Visualizing MobileNetV2: A Hands-On Guide to Why Linear Bottlenecks Work

papers

I recreate the spiral experiment from the MobileNetV2 paper to visually prove how neural networks can avoid information loss.

Published

September 4, 2025

Introduction

I was recently re-reading a paper that I consider a classic in the world of efficient AI: Google’s “MobileNetV2: Inverted Residuals and Linear Bottlenecks.” It’s a cornerstone of modern computer vision, and its ideas power countless applications running on our phones every day.

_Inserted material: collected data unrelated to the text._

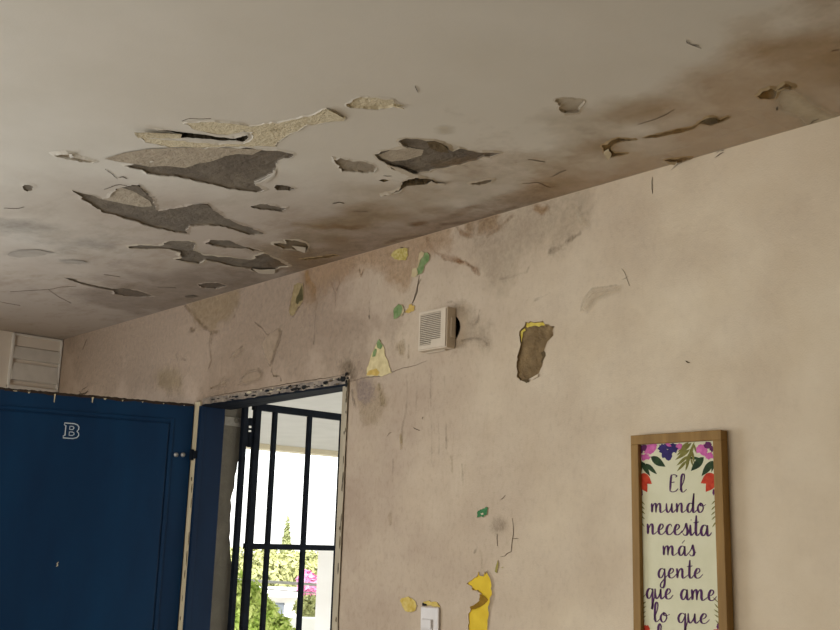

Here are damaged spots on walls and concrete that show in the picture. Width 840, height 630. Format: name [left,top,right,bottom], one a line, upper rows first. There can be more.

peeling [553,97,587,116]
flaking render [755,81,798,110]
peeling [48,96,405,193]
peeling [331,137,504,197]
peeling [71,183,340,274]
peeling [391,247,431,320]
peeling [366,339,392,377]
flaking render [516,321,555,383]
peeling [202,372,350,630]
peeling [466,560,503,630]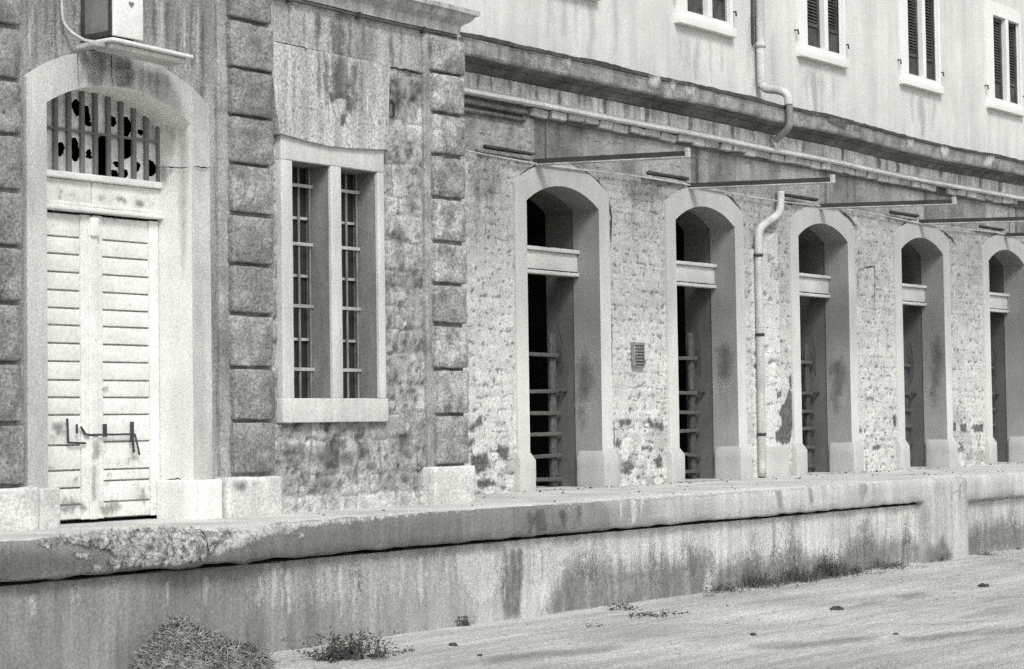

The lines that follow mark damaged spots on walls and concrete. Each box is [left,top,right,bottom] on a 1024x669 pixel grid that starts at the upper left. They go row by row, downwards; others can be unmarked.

water stain [318,26,357,112]
water stain [255,571,297,613]
water stain [311,543,706,619]
water stain [717,540,951,590]

As I was going through its theoretical section, I was struck again by a fascinating and somewhat puzzling claim. The authors argue that a fundamental building block of virtually all modern neural networks, the ReLU activation function, can be surprisingly destructive. It can take the rich, structured information a network has learned and literally wipe parts of it out of existence.

But then they proposed a clever trick to prevent this. They claimed that if you first take your data and project it into a much higher-dimensional space, you create a kind of “safety net.” In this expanded space, ReLU can perform its magic without causing catastrophic damage.

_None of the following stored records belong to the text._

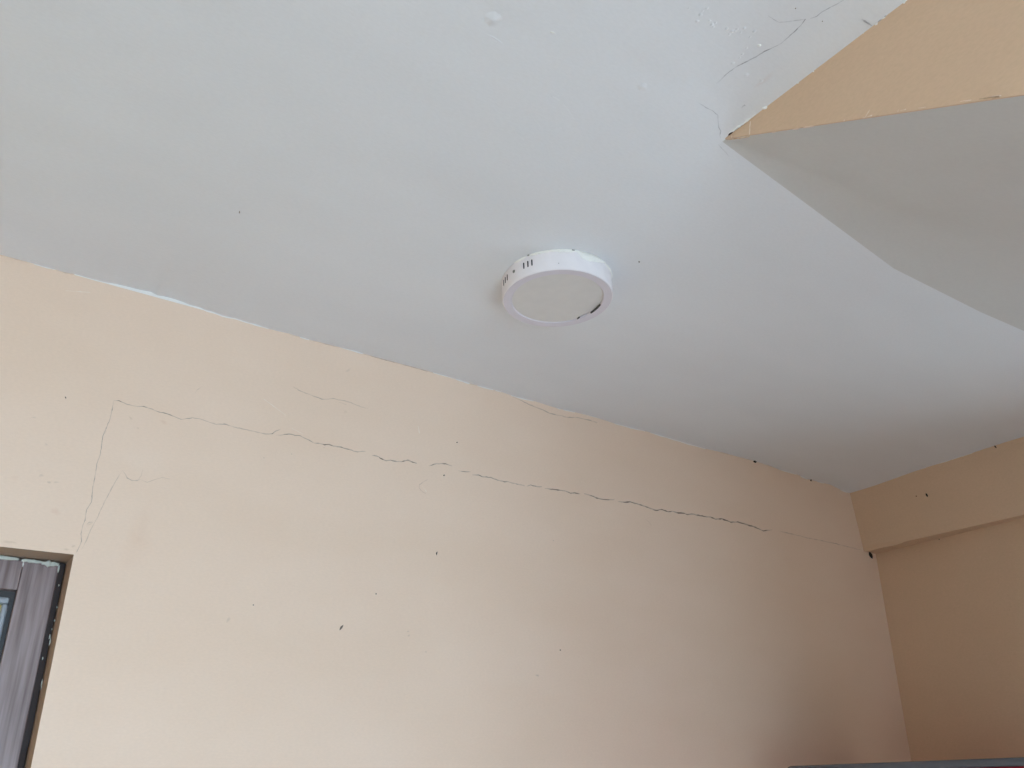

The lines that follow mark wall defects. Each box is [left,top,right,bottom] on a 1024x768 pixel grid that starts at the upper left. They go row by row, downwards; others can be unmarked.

crack [716,0,843,84]
crack [76,386,862,552]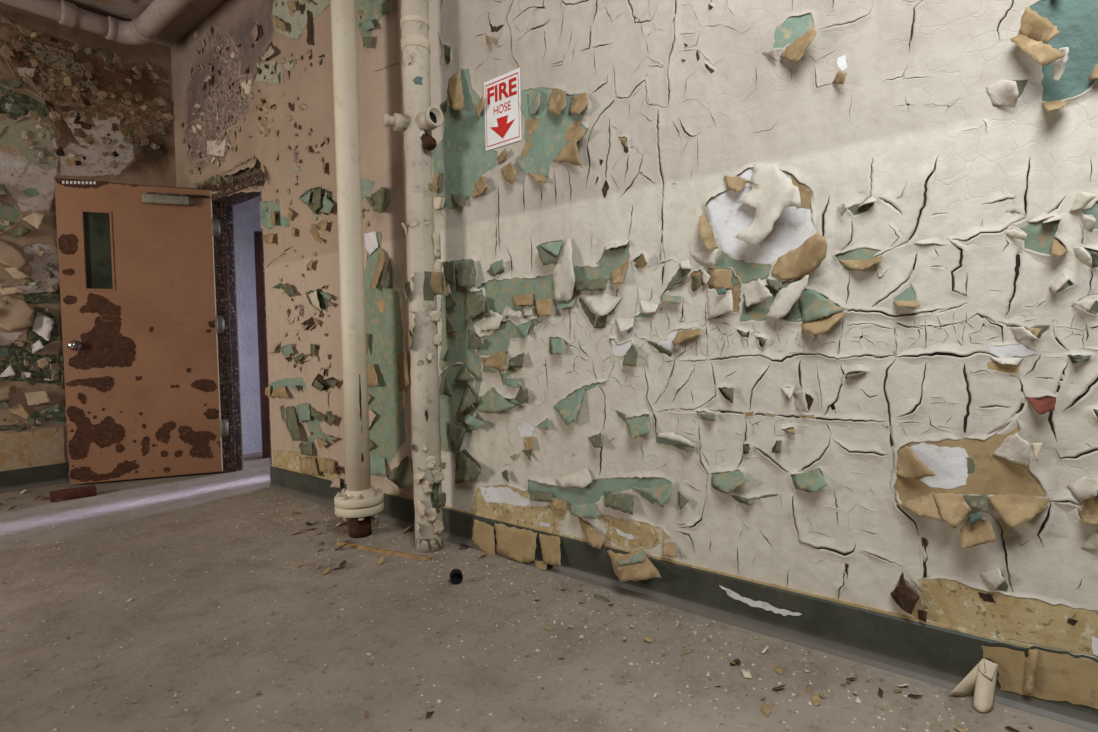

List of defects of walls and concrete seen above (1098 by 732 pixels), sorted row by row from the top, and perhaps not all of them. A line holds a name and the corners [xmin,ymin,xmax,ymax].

peeling [355,0,392,51]
crack [437,0,445,67]
peeling [428,42,592,215]
peeling [832,51,851,84]
peeling [986,0,1098,111]
corrosion [58,234,79,255]
peeling [0,0,341,488]
corrosion [63,293,221,482]
peeling [361,161,887,582]
peeling [890,389,1098,549]
peeling [885,562,1098,711]

Experiment results from the original paper

This sounded incredibly cool, but also very abstract. What does it even mean to project a spiral into a 30-dimensional space? Can you actually see this “information destruction” and subsequent “information preservation” happen?

I decided to put it to the test. In this post, we’re going to recreate the paper’s beautiful spiral experiment from scratch.

Get the code

All the code can be found in the GitHub repository : 2025-09-04-mobilenetv2-spiral-experiment.ipynb.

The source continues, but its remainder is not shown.